ところがレイブは自意識を捨てることから快楽を得ようとする。音に身を貫かせ、ひたすらトランス状態を目指す。個人のために集団を利用することが明確になってきている。作者の言葉を借りれば「死なずに死ぬ」行為だという。
オヤジの老婆心だが、それが生活の中心になった時、インドならいざしらず、この日本ではレイブの後に現実社会に適応できるんだろうか。余計なお世話だが、祭りやマラソンのナチュラルハイのように日常の区切りとして、踊り狂って欲しいと思ってしまう訳だ。

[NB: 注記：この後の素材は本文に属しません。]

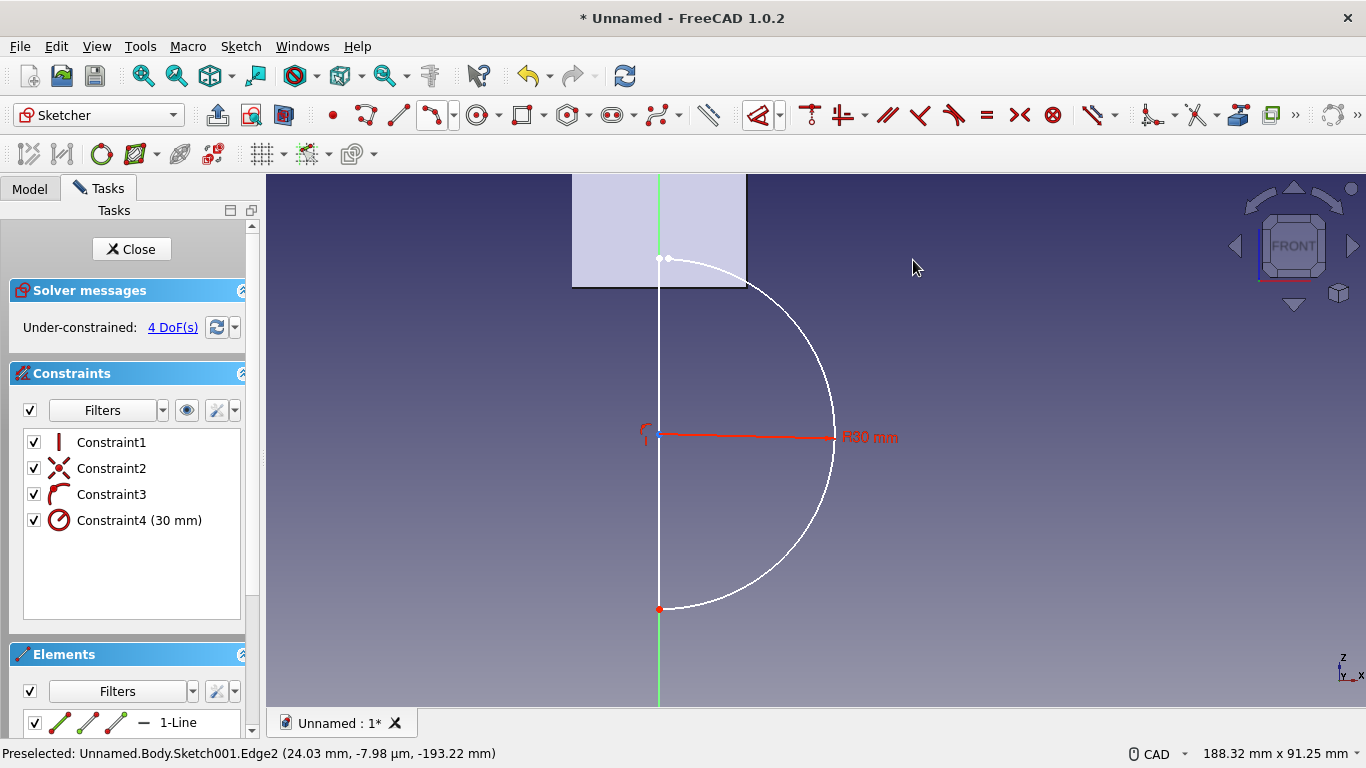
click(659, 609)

作者はレイブを求めて各国を旅する。レイブは随分前から世界的なは現象らしい。人間は知的でありたいと思う反面、知を忘れたい動物なのだろう。原始への回帰、よりシンプルな生活の憧れは強くある。このまま物質文明が進んでいく恐怖は、その社会を外側からみれる自己破壊願望の若者にしか分からないのかも知れない。
レイブはやはり屋外が気持いいらしい。大地を踏みしめて集団で踊る原始的な行為は、確かに現代人が忘れてる宗教とは別次元のより人間的な行為なのかも知れない。
明日は土の地面を探して裸足でマラソンでもしてみるかな。あるのかいなそんなとこ。